1. Check the sound
Buying an instrument like a piano can be a bit on the tricky side as all pianos are different. Personal preference can be a huge factor - some people prefer a brighter tone, while others prefer a mellower tone. If you're not sure what you want, get some professional advice either from the showroom, by asking local pianists or from any friends or family that are in the know.
2. Check the keys
The quality of the keys’ surface and how they feel are also important. The keys should naturally have resistance to pressure, but you shouldn’t need to apply a lot of pressure to play. They should be able to support the pressure of loud notes which require force. Try it out to make sure that it’s comfortable to play.
3. Where do I put it?
Make sure you’ve thought through where you going to actually put the piano! It’s important to find the right spot in your house that will be a good environment for your piano to live. Think about things like whether that room might fluctuate in humidity, temperature or pressure – these things will affect the condition of the piano and can ruin the quality of it in the long term. A bad example of where to put it is next to a radiator. If possible, find somewhere where the temperature and humidity don’t fluctuate significantly. The space that the piano is going to go needs to be measured carefully as this will determine which piano you can get, for example an upright piano will require a much smaller space than a grand piano.
4. What's the warranty?
Pianos can be a pricey purchase so it’s worth finding a suitable warranty to protect your investment. It can be more expensive to buy the warranty directly from the manufacturer, but it usually tends to be more reliable than private companies as these tend to be poorer quality. Some companies won’t provide a warranty to privately sold items, so make sure you read up on the policy and check you’re happy with the conditions of the agreement before you buy!

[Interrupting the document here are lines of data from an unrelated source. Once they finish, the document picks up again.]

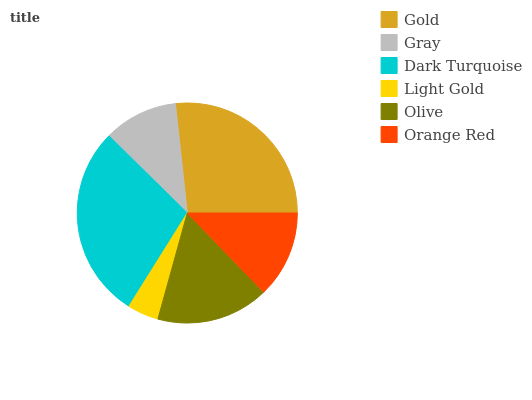Is Light Gold the minimum?
Answer yes or no. Yes. Is Dark Turquoise the maximum?
Answer yes or no. Yes. Is Gray the minimum?
Answer yes or no. No. Is Gray the maximum?
Answer yes or no. No. Is Gold greater than Gray?
Answer yes or no. Yes. Is Gray less than Gold?
Answer yes or no. Yes. Is Gray greater than Gold?
Answer yes or no. No. Is Gold less than Gray?
Answer yes or no. No. Is Olive the high median?
Answer yes or no. Yes. Is Orange Red the low median?
Answer yes or no. Yes. Is Light Gold the high median?
Answer yes or no. No. Is Light Gold the low median?
Answer yes or no. No.

5. Which brand do I choose?
There are a few mainstream piano companies which are sought after and recommended by professional pianists. There is a reason that they are popular, and so they’re probably your best bet. Plus, if something goes wrong with the piano, it’s more likely you’ll be able to find someone who will know how to help or will have the right tools and parts to fix it. Some popular makes are Yamaha, Fazioli, Steinway & Sons, Bechstein and Bösendorfer.